Actually, MS had a break-in challenge for a beta version of Windows 2000 back in 1999. Strangely, it had lots of downtime which they blamed on "power outages."

Re:Incentive? (0)

Anonymous Coward | more than 9 years ago | (#11877298)

Well, nobody owned the box.

Which was meaningless because Win2000 shipped with several critical Index Server holes.

Re:Incentive? (1)

drnlm (533500) | more than 9 years ago | (#11877097)

On the other hand, the packet capture data would be interesting information on what current security holes people look to exploit, etc.

Of course, as linuxense offer a security service, this smells like a "to be spun into marketing copy" stunt.

Re:Incentive? (1)

virex (562720) | more than 9 years ago | (#11877142)

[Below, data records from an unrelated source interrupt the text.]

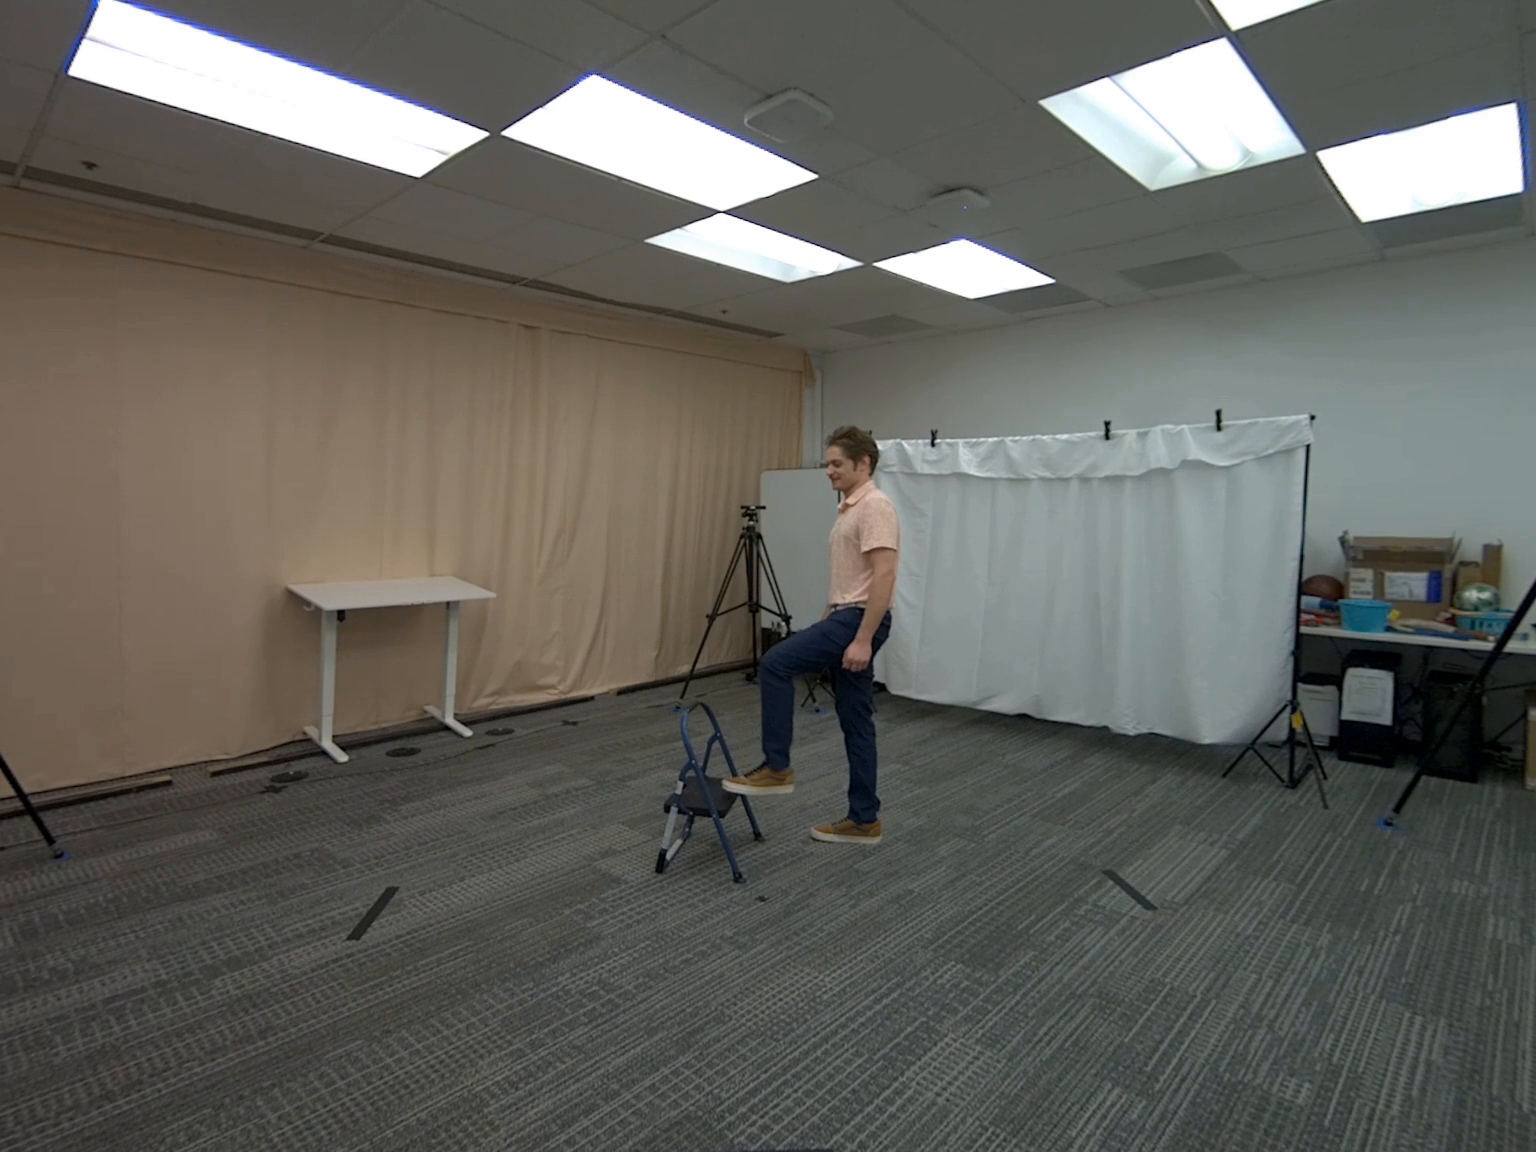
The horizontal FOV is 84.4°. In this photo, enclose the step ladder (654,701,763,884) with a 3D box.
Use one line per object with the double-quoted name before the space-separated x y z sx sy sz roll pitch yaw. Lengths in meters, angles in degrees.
"step ladder" -0.225 0.815 3.336 0.354 0.605 0.426 0 3 12
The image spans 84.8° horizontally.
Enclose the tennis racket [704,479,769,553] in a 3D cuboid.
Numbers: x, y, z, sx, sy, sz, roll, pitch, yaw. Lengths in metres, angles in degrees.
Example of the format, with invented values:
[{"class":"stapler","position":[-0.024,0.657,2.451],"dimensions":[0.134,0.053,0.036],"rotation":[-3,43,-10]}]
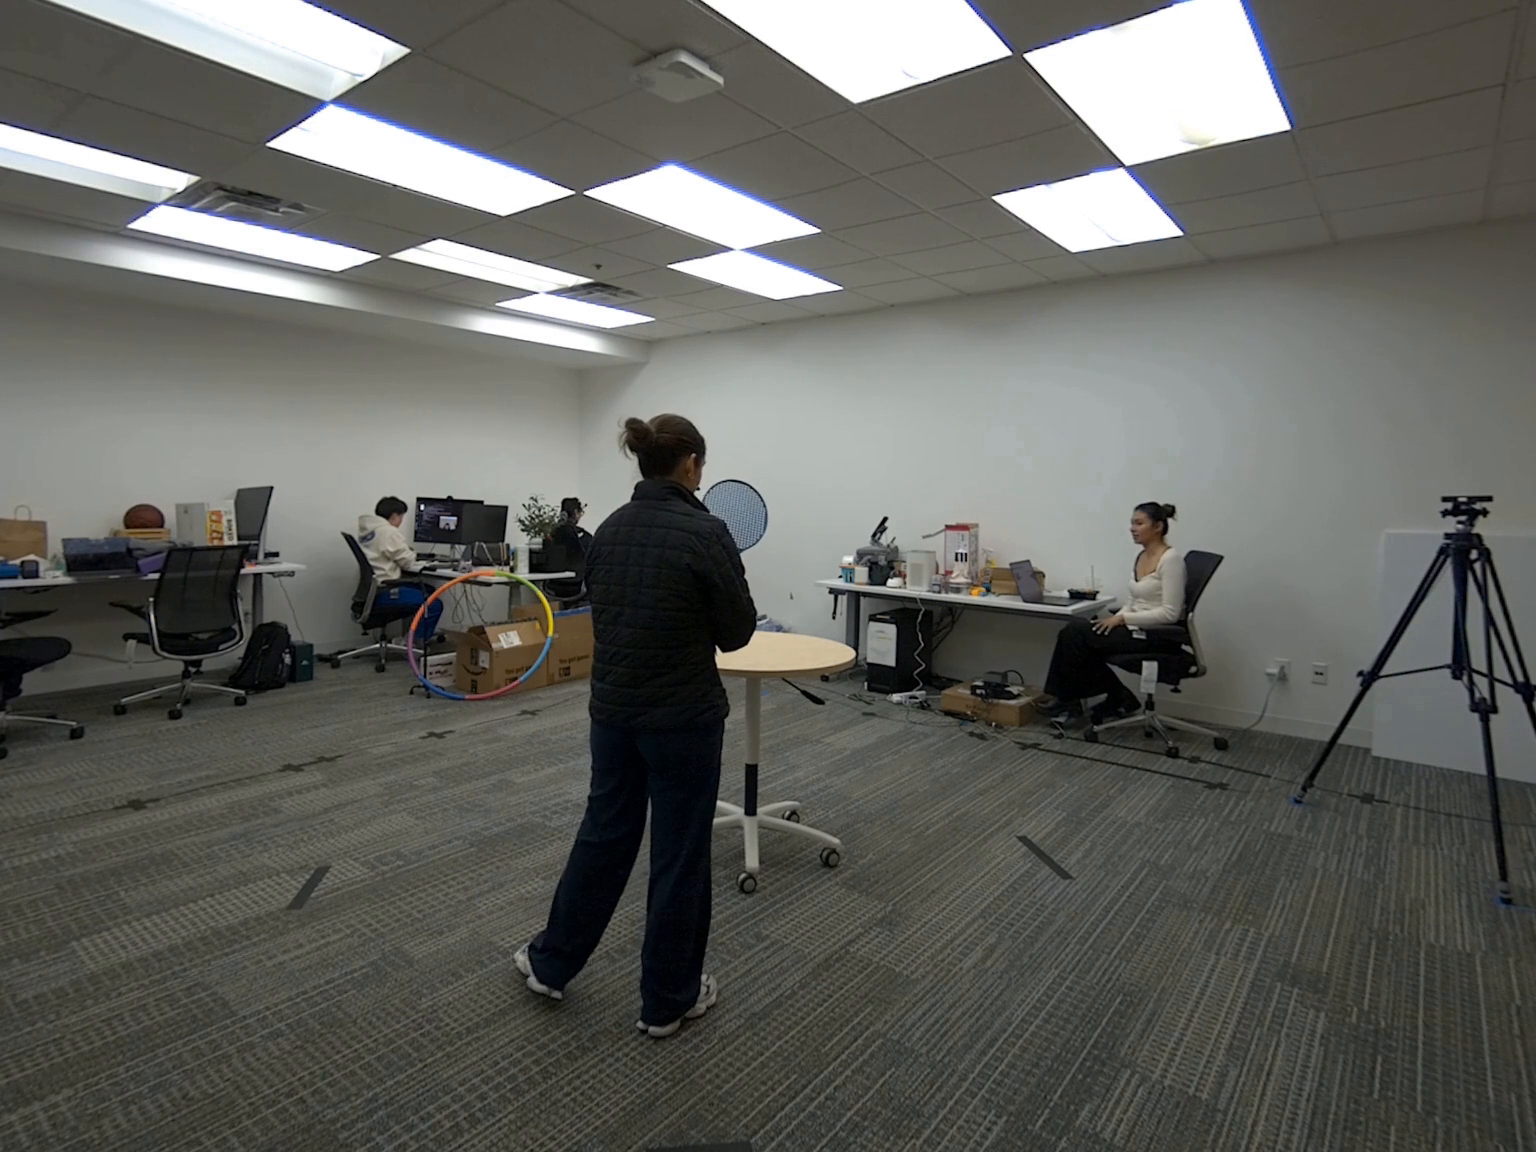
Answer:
[{"class":"tennis racket","position":[-0.107,-0.120,2.580],"dimensions":[0.213,0.442,0.031],"rotation":[9,-32,-2]}]
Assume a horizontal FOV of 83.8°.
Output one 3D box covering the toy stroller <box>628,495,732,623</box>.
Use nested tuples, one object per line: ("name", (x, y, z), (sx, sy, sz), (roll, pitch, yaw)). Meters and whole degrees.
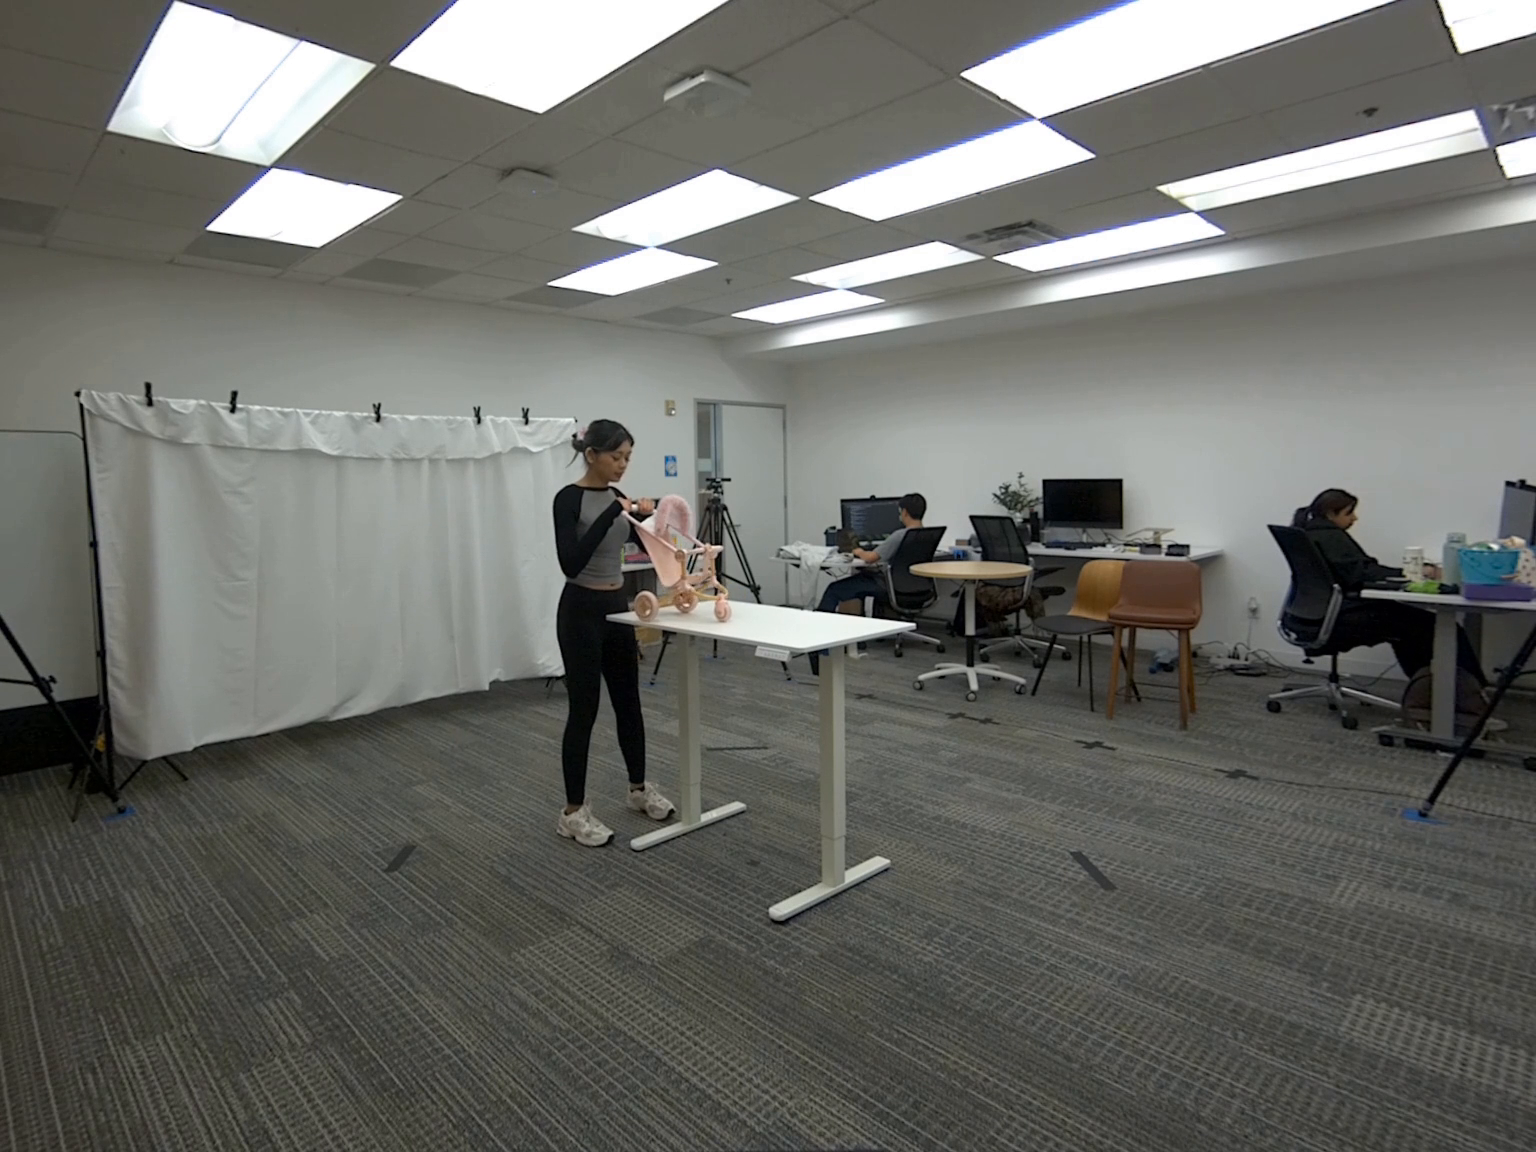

this smells like a "to be spun into marketing copy" stunt.
that's exactly what they're doing. They want to make it look like their security process is top notch, but by giving an incentive they would have had more people testing it and it would have looked a lot better. like i said, most linux geeks don't want to see linux compremised, so they probably wouldn't even try. and the people that do know how to compremise it wouldn't want to tip them off.

Re:Incentive? (1)

dubdays (410710) | more than 9 years ago | (#11877116)

you would think that the linux geeks out there wouldn't want it to be compremised

Actually, this is a very good test at the security of the system, and one that I believe we should welcome. The more of these contests we have, the more security bugs that will be found and then promptly patched. This has the potential for leading to a system with nearly un-crackable remote security (assuming all of the results are publically released). So I say hack the crap out of it!

Re:Incentive? (1)

automaticlarynx (747144) | more than 9 years ago | (#11877238)

The prize is glory and renoun. If you win, you get to say you're the most secure sysadmin in the world. If you lose, you just keep it quiet. That seems like a good gamble to me.

More Interesting (2, Funny)

Anonymous Coward | more than 9 years ago | (#11877015)

That server wont have a firewall or much secuirty... so how about 69.44.61.248 - the linuxense.com webserver :)

Tidal Wave (-1, Offtopic)

Anonymous Coward | more than 9 years ago | (#11877016)

Phear the /. effect!

Selling some sort of hardened Linux, perhaps? (4, Insightful)

rfc1394 (155777) | more than 9 years ago | (#11877021)

It might be this company is selling some sort of very hardened Linux. If they are, this is exactly the right way to go about it. They are publicly inviiting people to attack it, meaning that if there are any holes, someone is likely to find them. And anyone who hacks on the box can do so with impunity. And if they really can build a bulletproof box then they deserve the rewards they can get by selling one which, on an open and public basis, has taken the worst anyone could throw at it and survived.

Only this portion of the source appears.